Thursday, January 24, 2013

L’Art du roman

Examinons un moment un esprit ordinaire, au cours d’un jour ordinaire. L’esprit reçoit des myriades d’impressions, banales, fantastiques, évanescentes ou gravées avec l’acuité de l’acier. De toutes parts elles arrivent – une pluie sans fin d’innombrables atomes ; et tandis qu’ils tombent, qu’ils s’incarnent dans la vie de lundi ou de mardi, l’accent ne se marque plus au même endroit ; hier l’instant important se situait là, pas ici ; de sorte que si l’écrivain était un homme libre et pas un esclave, s’il pouvait écrire ce qu’il veut écrire et non pas ce qu’il doit écrire, s’il pouvait fonder son ouvrage sur son propre sentiment et non pas sur la convention, il n’y aurait ni intrigue ni comédie ni tragédie ni histoire d’amour ni catastrophe au sens convenu de ces mots.

La vie est un halo lumineux, une enveloppe semi-transparente qui nous entoure du commencement à la fin de notre état d’être conscient. N’est-ce pas la tâche du romancier de nous rendre sensible ce fluide élément changeant, inconnu et sans limites précises si aberrant et complexe qu’il se puisse montrer, en y mêlant aussi peu que possible l’étranger et l’extérieur ? Nous ne plaidons pas ici simplement pour le courage et la sincérité ; nous suggérons que la substance propre du roman est un peu différente que ce que la coutume nous le ferait croire.

De toute manière, le problème qui se pose au romancier d’aujourd’hui, et qui se posait sans doute aussi au romancier du passé, c’est d’inventer les moyens d’exprimer librement ce qu’il veut exprimer.

Sans le flot des innombrables possibilités de l’art romanesque, nous nous rappelons que l’horizon est sans limite et que rien, ni « méthode » ni expérimentation, même de ce qu’il y a de plus extravagant n’est interdit, mais seulement l’insincérité et le faux-semblant. La « substance propre du roman » n’existe pas. Tout est la substance propre du roman, tout sentiment, toute pensée ; toute qualité de l’intellect ou de l’âme nous sert ; nulle perception n’est à écarter. Et si nous pouvions imaginer l’art du roman prenant vie et debout parmi nous, il nous inviterait sans nul doute à le malmener et à le détruire autant qu’à l’honorer et à l’aimer, car c’est ainsi que se renouvelle sa jeunesse et qu’est assurée sa souveraineté.
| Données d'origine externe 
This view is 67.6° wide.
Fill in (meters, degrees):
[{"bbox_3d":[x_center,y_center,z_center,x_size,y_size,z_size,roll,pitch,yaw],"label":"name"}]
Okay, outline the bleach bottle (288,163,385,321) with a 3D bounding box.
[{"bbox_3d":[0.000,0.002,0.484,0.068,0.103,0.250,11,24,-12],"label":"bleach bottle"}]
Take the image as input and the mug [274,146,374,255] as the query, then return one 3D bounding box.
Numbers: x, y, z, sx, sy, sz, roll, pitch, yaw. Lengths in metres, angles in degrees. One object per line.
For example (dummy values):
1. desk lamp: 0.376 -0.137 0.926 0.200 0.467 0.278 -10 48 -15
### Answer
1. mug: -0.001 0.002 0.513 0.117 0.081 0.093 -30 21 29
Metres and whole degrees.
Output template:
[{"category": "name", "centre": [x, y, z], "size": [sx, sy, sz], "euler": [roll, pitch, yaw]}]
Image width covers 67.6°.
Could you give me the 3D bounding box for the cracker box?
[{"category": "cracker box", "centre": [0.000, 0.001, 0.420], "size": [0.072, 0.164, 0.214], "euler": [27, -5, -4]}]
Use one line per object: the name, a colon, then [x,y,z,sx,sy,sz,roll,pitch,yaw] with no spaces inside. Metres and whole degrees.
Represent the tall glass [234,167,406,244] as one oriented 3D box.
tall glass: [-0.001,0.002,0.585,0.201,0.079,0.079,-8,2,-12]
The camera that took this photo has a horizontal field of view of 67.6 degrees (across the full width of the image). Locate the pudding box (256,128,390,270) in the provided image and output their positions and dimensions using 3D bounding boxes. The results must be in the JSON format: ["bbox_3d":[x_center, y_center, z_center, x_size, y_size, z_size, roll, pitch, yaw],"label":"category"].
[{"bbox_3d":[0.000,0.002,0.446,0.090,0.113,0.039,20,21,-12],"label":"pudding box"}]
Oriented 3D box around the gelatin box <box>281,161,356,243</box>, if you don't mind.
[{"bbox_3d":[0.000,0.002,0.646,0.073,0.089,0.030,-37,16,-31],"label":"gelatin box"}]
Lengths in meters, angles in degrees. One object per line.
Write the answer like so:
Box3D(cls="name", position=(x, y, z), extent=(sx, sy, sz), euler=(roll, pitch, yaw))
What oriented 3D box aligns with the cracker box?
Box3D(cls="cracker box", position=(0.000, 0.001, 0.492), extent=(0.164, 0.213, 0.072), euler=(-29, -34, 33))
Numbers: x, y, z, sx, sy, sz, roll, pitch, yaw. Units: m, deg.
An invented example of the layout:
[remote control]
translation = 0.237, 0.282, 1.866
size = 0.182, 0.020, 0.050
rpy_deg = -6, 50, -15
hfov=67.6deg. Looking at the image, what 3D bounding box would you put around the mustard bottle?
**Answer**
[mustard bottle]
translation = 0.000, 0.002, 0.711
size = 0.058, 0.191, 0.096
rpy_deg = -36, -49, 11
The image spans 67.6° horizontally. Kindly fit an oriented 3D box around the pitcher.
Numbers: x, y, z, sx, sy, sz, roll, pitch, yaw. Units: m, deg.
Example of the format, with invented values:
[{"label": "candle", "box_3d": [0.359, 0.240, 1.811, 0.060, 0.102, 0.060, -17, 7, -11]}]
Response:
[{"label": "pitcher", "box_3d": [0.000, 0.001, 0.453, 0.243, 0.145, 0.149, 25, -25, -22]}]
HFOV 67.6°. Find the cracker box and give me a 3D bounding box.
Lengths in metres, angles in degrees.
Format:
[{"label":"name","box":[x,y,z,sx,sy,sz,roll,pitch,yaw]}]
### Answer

Un romancier (…) essaie de faire quelque chose d’aussi construit et équilibré qu’une maison ; mais les mots sont plus impalpables que les briques ; lire est une opération plus longue et plus compliquée que voir. Le moyen le plus rapide de comprendre ce que sont les matériaux du romancier, c’est peut-être non pas de lire mais d’écrire ; de faire votre propre expérience des dangers et des difficultés des mots. (…) Quand vous essayez de reconstruire avec des mots quelque événement qu’a laissé sur vous une impression distincte, vous constatez qu’il se brise en mille impressions qui se heurtent. Certaines doivent être atténuées, d’autres accentuées ; ce qui probablement vous fera perdre toute prise sur l’émotion elle-même. Alors, laissez vos pages gribouillées, brouillonnées, pour le premier chapitre de quelque grand romancier.